» Task description: As the answer, give exactly the lines of the records below from the one with "Write the answer" through the one with "Answer in this", ends included and pictures left out.
┏━━
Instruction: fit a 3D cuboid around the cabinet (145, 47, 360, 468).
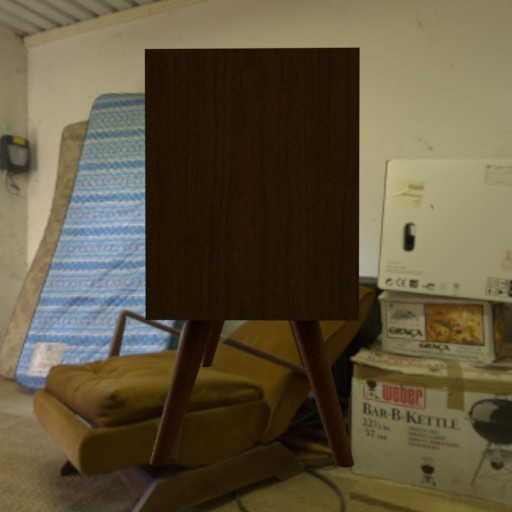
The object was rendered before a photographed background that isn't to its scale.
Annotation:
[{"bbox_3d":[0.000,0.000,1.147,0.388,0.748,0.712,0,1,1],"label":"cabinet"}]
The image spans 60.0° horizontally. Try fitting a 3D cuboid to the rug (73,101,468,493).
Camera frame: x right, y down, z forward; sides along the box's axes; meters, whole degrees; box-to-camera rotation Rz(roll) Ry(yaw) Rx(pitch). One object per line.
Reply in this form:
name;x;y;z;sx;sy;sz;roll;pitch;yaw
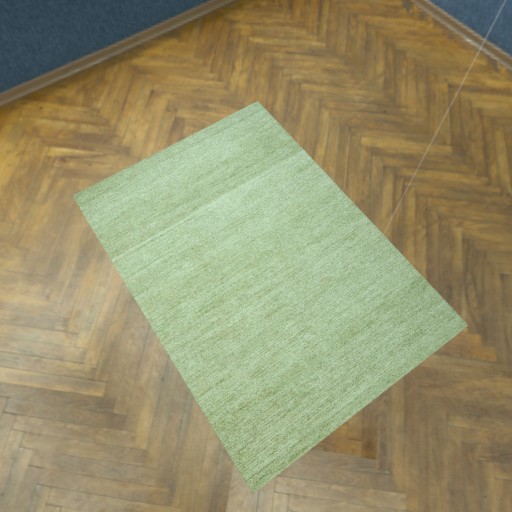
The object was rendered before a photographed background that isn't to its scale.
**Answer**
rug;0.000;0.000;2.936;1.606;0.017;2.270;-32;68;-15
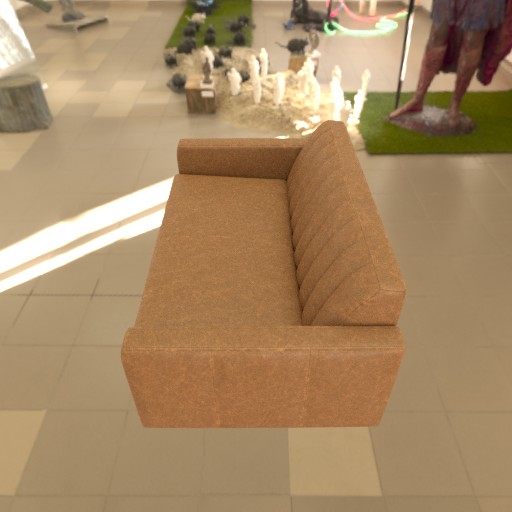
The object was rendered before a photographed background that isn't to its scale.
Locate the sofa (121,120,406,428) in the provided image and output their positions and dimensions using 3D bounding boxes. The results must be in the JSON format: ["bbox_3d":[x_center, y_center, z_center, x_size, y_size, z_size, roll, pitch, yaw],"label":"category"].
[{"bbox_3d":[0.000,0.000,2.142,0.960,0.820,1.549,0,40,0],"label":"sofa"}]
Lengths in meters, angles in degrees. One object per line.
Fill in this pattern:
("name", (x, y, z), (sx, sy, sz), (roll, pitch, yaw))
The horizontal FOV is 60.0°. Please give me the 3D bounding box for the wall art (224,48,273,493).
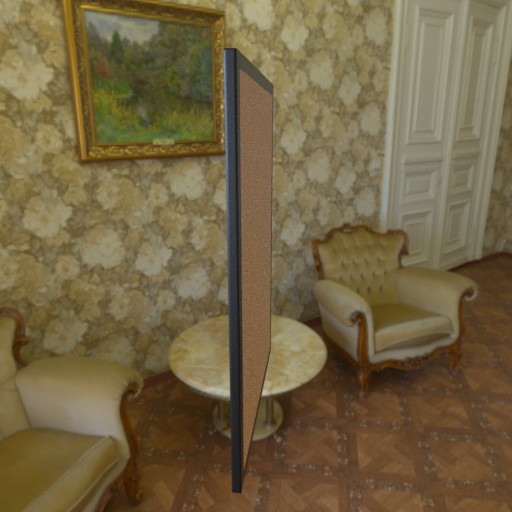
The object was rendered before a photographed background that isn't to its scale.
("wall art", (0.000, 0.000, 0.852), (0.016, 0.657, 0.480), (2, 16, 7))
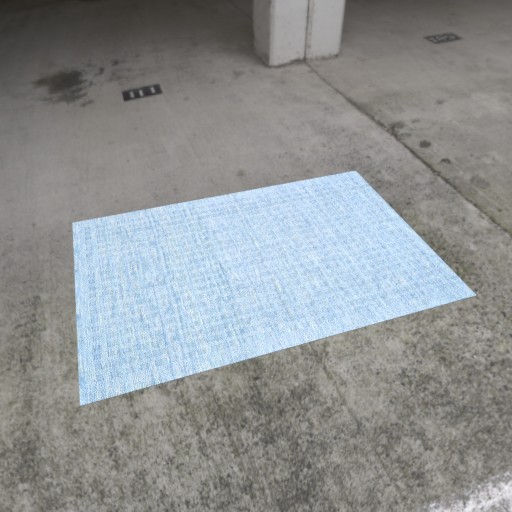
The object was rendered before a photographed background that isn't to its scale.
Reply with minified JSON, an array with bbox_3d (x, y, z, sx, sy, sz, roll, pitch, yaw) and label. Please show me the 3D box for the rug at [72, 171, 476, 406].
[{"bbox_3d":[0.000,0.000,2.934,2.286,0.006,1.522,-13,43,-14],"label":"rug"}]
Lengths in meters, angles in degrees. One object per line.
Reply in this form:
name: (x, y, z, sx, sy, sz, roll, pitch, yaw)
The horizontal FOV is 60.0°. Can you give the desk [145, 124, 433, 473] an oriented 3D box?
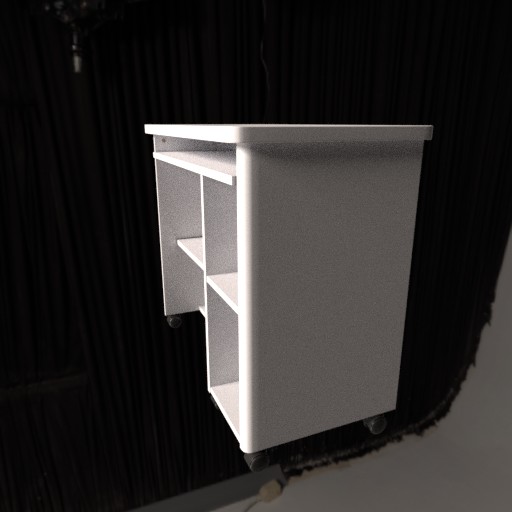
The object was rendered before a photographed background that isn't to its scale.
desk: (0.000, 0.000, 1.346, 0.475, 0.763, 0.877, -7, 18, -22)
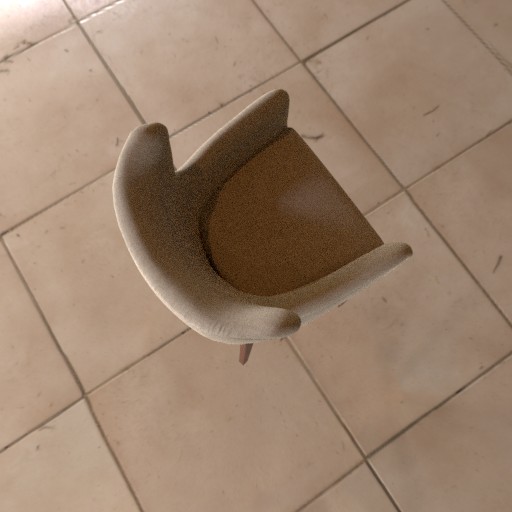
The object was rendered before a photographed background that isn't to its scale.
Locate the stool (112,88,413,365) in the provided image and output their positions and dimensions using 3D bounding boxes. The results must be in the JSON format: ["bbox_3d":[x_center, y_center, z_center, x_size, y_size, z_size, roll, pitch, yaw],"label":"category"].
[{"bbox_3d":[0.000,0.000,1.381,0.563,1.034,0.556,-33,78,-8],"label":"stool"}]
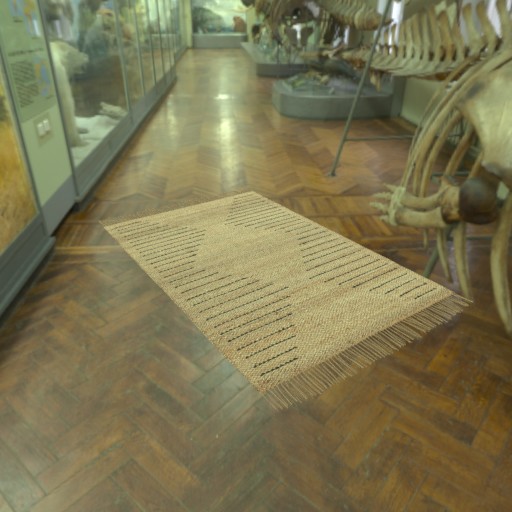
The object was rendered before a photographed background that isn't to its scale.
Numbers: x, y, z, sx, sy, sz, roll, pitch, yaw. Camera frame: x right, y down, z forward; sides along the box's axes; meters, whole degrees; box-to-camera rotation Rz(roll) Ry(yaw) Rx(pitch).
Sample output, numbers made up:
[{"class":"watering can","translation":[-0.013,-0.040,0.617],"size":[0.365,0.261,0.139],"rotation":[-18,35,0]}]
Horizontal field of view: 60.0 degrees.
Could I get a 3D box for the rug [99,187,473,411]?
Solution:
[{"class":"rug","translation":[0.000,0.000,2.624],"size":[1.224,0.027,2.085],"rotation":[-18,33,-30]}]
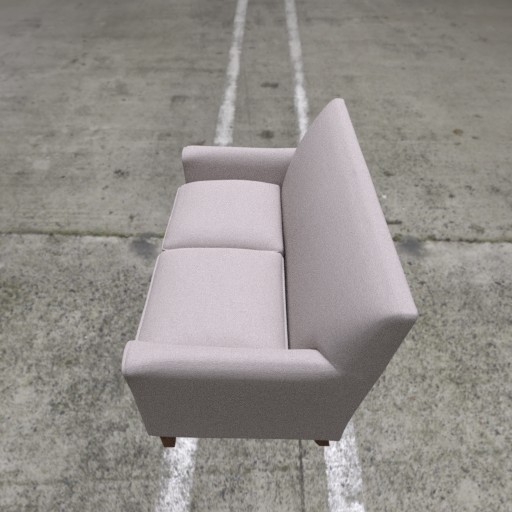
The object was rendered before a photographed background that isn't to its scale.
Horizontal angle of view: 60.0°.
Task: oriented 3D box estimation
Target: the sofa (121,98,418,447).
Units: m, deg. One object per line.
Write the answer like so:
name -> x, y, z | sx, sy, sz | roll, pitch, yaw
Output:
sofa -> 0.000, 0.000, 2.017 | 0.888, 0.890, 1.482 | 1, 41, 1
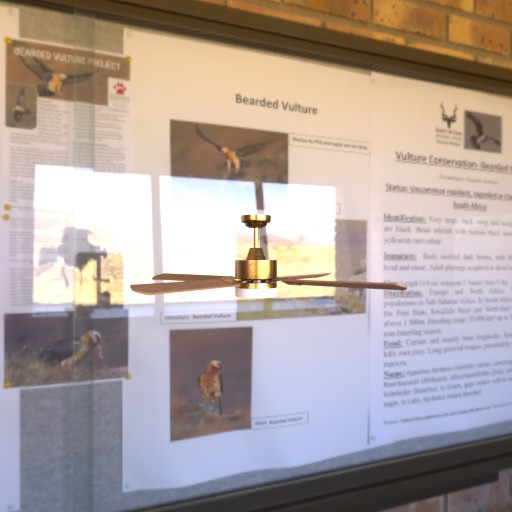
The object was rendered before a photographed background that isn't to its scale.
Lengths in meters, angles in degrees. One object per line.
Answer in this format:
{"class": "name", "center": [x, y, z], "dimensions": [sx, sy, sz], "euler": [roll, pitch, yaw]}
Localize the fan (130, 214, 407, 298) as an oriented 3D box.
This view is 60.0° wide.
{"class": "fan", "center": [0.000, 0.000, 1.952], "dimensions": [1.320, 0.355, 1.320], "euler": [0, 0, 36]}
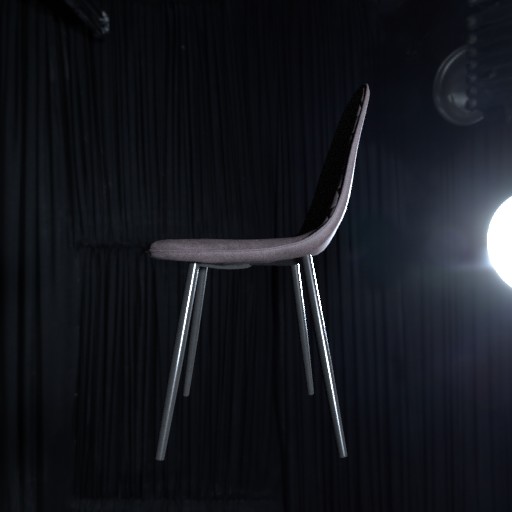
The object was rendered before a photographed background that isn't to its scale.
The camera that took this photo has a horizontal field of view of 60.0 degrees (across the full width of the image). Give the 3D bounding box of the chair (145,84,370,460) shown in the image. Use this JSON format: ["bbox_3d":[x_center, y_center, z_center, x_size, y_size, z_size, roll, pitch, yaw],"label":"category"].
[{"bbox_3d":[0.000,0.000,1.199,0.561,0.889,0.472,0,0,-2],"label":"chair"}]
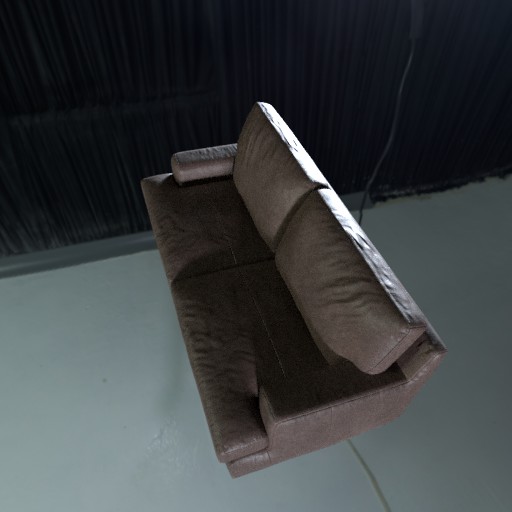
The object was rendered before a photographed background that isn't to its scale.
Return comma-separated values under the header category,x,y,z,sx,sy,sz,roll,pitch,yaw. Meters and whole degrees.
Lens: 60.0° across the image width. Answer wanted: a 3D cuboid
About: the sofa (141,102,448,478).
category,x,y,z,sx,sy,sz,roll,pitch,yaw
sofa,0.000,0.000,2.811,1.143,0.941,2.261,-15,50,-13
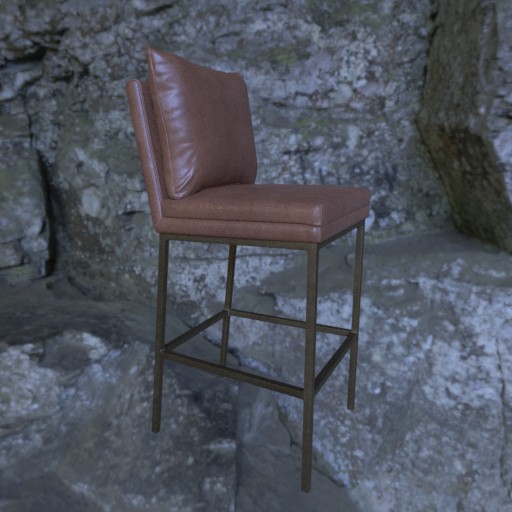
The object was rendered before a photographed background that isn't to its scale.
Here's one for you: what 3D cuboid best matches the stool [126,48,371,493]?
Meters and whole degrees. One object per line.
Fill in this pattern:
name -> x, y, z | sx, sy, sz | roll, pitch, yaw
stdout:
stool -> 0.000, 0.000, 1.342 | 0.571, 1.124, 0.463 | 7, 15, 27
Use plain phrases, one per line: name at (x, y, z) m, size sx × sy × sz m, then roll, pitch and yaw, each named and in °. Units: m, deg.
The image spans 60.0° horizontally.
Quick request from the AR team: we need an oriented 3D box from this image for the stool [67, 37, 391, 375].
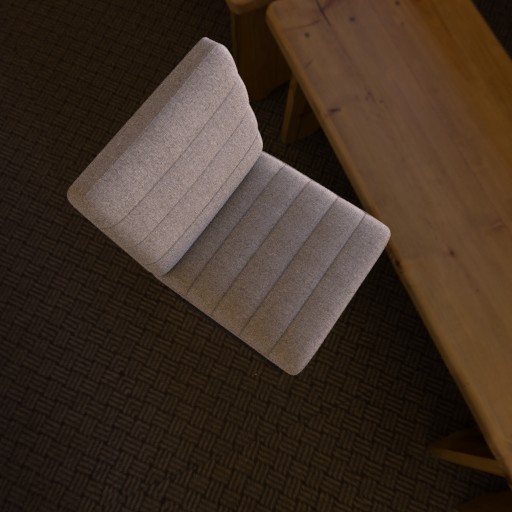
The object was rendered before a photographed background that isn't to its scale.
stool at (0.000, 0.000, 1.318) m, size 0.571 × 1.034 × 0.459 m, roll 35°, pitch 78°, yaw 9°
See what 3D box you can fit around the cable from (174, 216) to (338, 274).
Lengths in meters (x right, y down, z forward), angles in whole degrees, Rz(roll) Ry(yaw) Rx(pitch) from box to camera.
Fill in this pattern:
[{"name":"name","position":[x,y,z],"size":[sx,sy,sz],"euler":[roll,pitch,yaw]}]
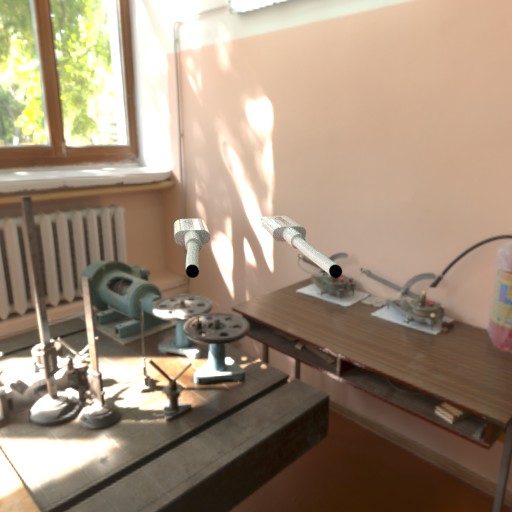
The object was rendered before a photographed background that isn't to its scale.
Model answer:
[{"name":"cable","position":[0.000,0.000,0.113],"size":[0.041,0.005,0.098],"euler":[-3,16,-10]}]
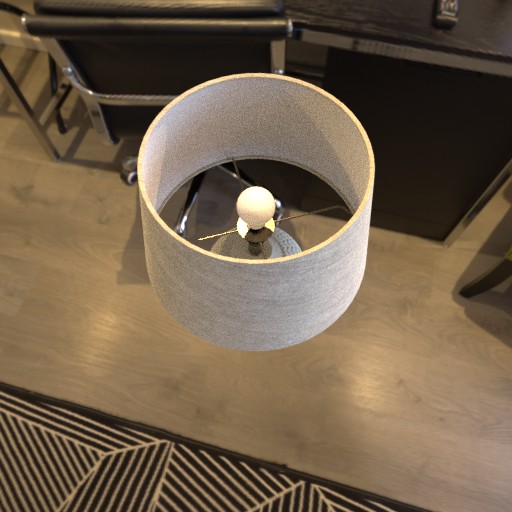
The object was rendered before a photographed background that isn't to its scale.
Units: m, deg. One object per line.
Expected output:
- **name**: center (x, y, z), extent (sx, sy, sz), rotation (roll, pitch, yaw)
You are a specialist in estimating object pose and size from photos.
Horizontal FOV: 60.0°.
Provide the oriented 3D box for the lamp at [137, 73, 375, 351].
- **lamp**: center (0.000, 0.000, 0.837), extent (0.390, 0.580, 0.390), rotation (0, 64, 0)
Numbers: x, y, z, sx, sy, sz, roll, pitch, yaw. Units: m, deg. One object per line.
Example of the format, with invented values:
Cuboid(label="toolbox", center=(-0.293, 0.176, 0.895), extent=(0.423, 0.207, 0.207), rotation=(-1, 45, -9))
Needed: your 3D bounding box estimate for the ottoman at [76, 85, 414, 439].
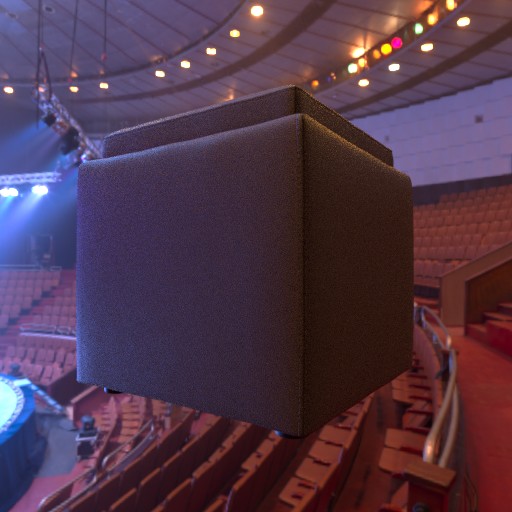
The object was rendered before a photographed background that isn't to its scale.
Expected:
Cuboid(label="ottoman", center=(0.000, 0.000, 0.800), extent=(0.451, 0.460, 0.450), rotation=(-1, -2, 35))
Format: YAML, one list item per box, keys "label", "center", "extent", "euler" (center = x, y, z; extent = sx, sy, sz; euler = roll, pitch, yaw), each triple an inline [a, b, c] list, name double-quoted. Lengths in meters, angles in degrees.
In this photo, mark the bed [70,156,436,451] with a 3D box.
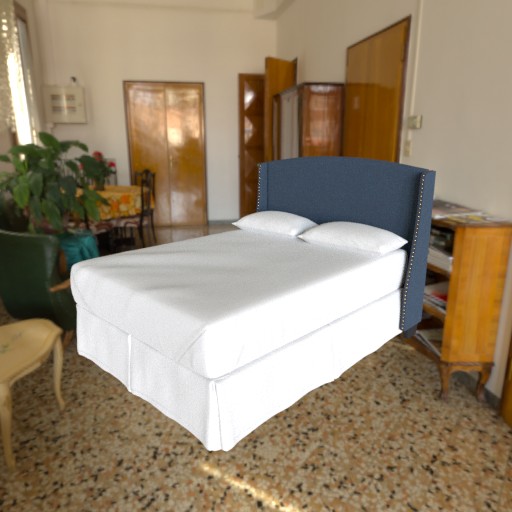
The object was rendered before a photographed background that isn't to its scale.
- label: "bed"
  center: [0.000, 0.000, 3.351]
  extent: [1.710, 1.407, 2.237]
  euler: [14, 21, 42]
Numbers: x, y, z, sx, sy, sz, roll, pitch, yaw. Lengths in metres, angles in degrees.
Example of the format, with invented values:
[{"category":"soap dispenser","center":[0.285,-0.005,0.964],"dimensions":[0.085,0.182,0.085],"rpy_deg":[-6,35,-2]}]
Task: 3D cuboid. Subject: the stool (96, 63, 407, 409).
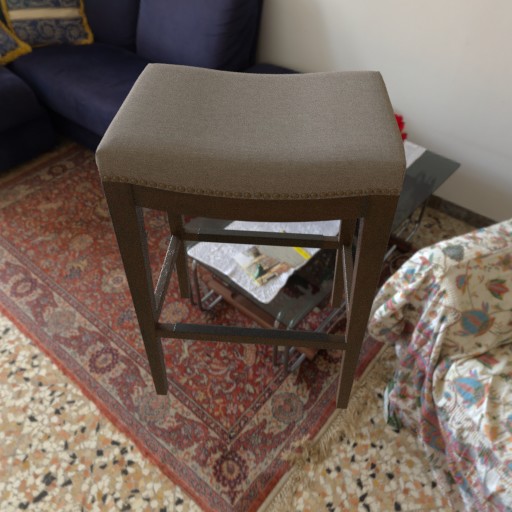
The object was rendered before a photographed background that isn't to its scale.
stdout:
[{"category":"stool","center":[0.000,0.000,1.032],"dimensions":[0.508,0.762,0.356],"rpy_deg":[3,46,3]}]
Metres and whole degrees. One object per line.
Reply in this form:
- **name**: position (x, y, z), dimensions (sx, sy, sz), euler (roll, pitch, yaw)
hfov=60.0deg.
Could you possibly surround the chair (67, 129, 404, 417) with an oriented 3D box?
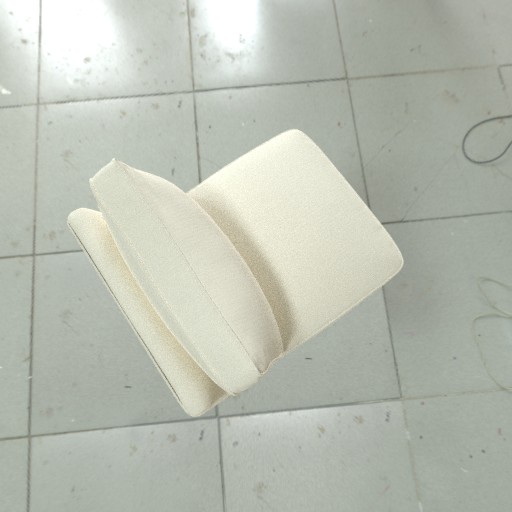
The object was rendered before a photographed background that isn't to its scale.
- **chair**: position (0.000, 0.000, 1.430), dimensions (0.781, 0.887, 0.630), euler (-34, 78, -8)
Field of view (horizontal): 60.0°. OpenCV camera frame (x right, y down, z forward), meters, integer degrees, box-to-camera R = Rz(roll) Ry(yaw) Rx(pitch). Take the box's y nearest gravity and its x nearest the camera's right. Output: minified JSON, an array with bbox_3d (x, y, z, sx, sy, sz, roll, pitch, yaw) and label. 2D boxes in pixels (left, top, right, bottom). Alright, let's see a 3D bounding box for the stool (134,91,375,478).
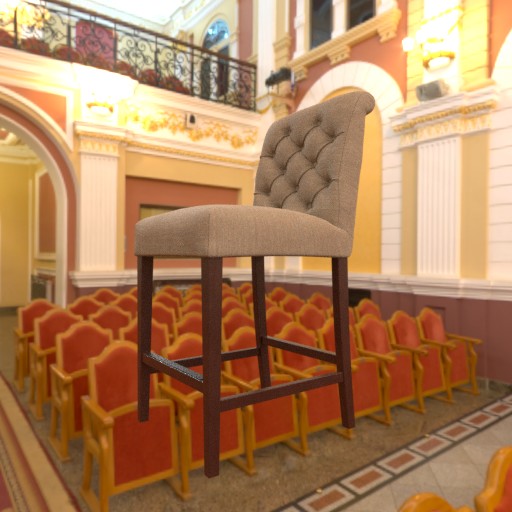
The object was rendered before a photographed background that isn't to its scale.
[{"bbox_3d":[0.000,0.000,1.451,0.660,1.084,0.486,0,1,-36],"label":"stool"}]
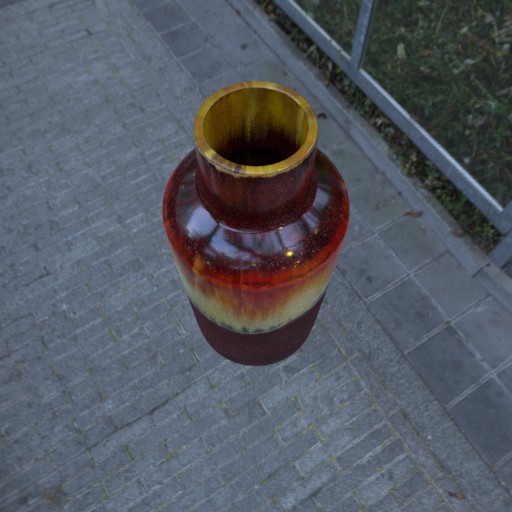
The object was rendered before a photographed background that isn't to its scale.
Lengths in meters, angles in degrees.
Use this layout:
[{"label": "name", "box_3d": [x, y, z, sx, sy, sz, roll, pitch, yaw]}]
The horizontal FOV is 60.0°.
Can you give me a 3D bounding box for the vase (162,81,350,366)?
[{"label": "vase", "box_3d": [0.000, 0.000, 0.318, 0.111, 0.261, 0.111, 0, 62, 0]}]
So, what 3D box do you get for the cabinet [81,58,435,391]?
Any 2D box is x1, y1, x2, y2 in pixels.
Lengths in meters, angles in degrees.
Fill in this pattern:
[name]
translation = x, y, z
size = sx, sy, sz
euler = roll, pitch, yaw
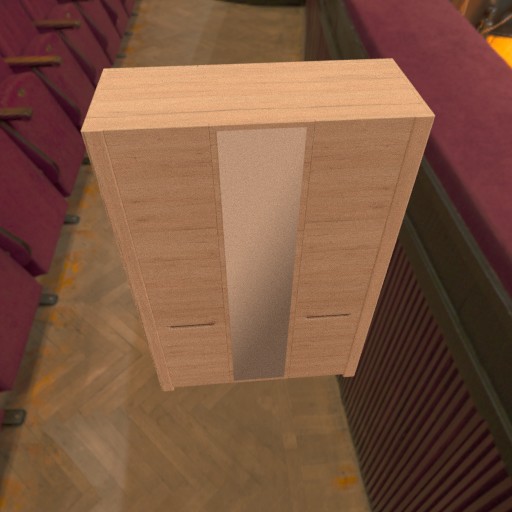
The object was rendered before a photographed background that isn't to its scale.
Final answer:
┗━━
» The completed task:
Write the answer like so:
name -> x, y, z | sx, sy, sz | roll, pitch, yaw
Output:
sofa -> 0.000, 0.000, 2.017 | 0.888, 0.890, 1.482 | 1, 41, 1
The object was rendered before a photographed background that isn't to its scale.
Lengths in meters, angles in degrees. One object per line.
Answer in this format:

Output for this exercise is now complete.